The good news is that, contrary to the underlying assumptions of the bouillon trade, writers do have options other than the big publisher route. And I imagine those of you who have spent much of this series muttering, “Oh, God, NO!” will be overjoyed to hear that a great deal of what I’ve said so far will not apply to the next two sub-topics on our publishing hit parade: publishing through a small house and self-publishing.

No need to conceal your joy; I know, I know.

The small publishing house
Also known as an independent publisher because they are not affiliated with any of the major publishing houses (as imprints are), small presses are often willing to work with authors directly, rather than insisting upon receiving submissions only through agents. Typically, indie houses offer relatively small advances — or sometimes no advance at all — but that’s a calculated risk for an author. Sometimes, it can pay off big time: in recent years, some of the most exciting new fiction has started its printed life at a small press and gotten picked up later by a major publisher.

And because some of you will be able to think of nothing else until I answer the question you just mentally screamed two sentences ago, a writer should approach a small publisher precisely as one does an agent: after having done some research on who publishes what, find out how they prefer to be approached, and send a query.

In other words: as with an agency, it’s never a good idea to send unsolicited manuscripts. Ask first.

By the same token, it’s just as important to do a little research on an indie publisher as on an agent. A well-stocked bookstore is a great place to start; see who is bringing out books like yours these days. Both the Herman Guide and Writer’s Market have good listings of reputable small publishers. So does Preditors and Editors, a fine source for double-checking that the press whose website looks so appealing is in fact a traditional publisher, and not a printer of self-published books for pay.

Hey, you’d be surprised at how often their websites look similar.

I cannot stress sufficiently how important it is to doing your homework, and not merely to avoid being presented with a printing bill. Many an aspiring writer has wasted time and resources approaching a major house’s imprint in the mistaken impression that it’s an independent press, ending up summarily rejected.

How can a savvy writer tell which is which? Check the copyright page of a published book — you know, the one on the flip side of the title page — to see if the press that produced it is an indie or an imprint of a larger house. If it’s affiliated with a major, the copyright page will say.

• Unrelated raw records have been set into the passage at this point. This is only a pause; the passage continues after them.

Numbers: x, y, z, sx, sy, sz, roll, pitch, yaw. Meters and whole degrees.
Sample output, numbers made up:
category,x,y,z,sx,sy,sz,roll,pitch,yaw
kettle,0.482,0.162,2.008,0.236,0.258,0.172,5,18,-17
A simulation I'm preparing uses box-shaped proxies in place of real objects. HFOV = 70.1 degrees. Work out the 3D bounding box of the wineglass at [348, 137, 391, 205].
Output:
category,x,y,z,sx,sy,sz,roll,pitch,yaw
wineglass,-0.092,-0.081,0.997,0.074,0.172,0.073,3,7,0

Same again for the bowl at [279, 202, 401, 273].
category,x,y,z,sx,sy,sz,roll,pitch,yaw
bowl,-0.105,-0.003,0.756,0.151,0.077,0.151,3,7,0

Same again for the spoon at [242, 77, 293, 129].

Select a small press that has a track record of publishing books like yours before you approach. Rather than publishing across a wide variety of book categories, the smaller publishing house tends to specialize. This often turns out to be a plus for authors, as targeting a narrow market often means that a small press can afford to take more chances in what it acquires.

Why can they afford to take more chances, you ask with bated breath? Generally speaking, because their print runs are smaller and they spend less on promotion. And remember how I was telling you that their advances were usually small or non-existent?

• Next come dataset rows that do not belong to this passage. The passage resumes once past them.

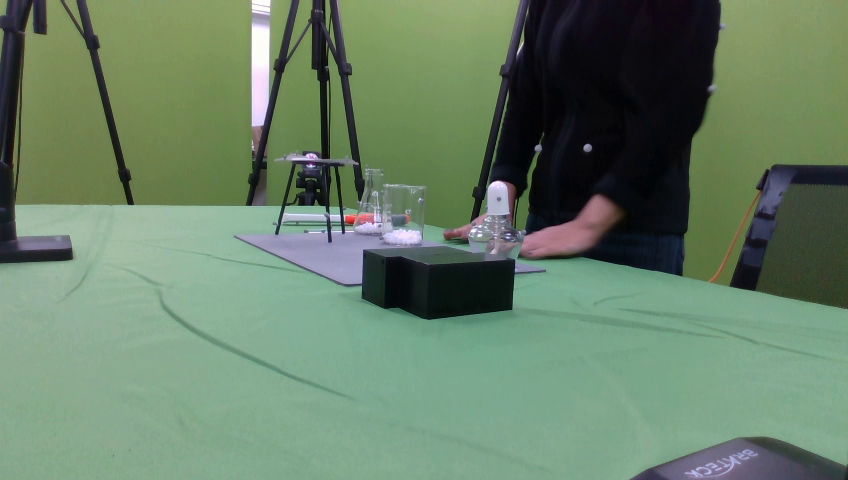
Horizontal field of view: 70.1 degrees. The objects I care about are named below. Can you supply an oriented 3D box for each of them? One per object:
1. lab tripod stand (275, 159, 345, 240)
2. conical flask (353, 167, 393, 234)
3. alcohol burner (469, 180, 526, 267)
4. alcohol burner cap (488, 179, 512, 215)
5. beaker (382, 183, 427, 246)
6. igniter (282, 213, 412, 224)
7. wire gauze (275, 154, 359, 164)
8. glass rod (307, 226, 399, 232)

Another cost-cutting move: the author usually ends up arranging — and financing the book tour himself. If, indeed, there are public readings at all. (For some useful tips on posts about how writers can set up their own readings, check out the guest posts by FAAB Michael Schein beginning here.)

In fact, over the last couple of years, it’s gotten downright common for small publishers, especially those who market primarily online, to employ the print-on-demand (POD) method, rather than producing a large initial print run, as the major houses do, and placing it in bookstores. (For an explanation of how print-on-demand works, please see the aptly-named PRINT ON DEMAND category on the archive list at right. Hey, I told you that the archive list was broken down into very specific topics!)

Check about this in advance, because POD carries some definite marketing drawbacks: POD books have an infinitely more difficult time getting reviewed (check out the GETTING A BOOK REVIEWED category for more details), and most US libraries have strict policies against buying POD books. So do some bookstore chains that shall remain nameless. (They know who they are!) Even some online retailers won’t carry POD books.

Why, you exclaim in horror? Well, for a lot of reasons, but mostly for because POD still carries a certain stigma; many, many bookbuyers who should know better by now still regard POD as the inevitable marker of a self-published book.

More on why that impression might present marketing problems follows next time. For now, what you need to know is that a small publisher that does not go the POD route is going to have an easier time placing your book on shelves and into the hands of your future readers.

Just something to keep in mind when you’re rank-ordering your list of indie publishers for querying purposes.

On the bright side, an author often has significantly more input into the publication process at a small press than a large one. Because it is a less departmentalized operation than a major publishing house, editors at indie presses often have the time to work more intensively with their authors. For a first-time author who gets picked up by a really good editor who genuinely loves the book, this can be a very positive experience.

It can also, perversely, render an author more attractive to agents and editors at the majors when he’s trying to market his next book. (Since indie presses seldom have much money to toss around, multi-book contracts are rare; see that earlier comment about miniscule advances.) A recommendation from an editor will give you a definite advantage in the querying stage for book #2: a query beginning, Editor Y of Small Publisher X recommended that I contact you about representing my book… is probably going to get a pretty close reading from any agent’s Millicent.

Why? Well, having a successful track record of pleasing an editor at an indie press is a selling point; I tremble to report it, but not all authors are equally receptive to editorial commentary. Also, from an agent’s point of view, the fact that there is already an editor at a press out there who is predisposed to read and admire your work automatically means her job will be easier — if the majors pass on book #2, the editor who worked on book #1 probably will not.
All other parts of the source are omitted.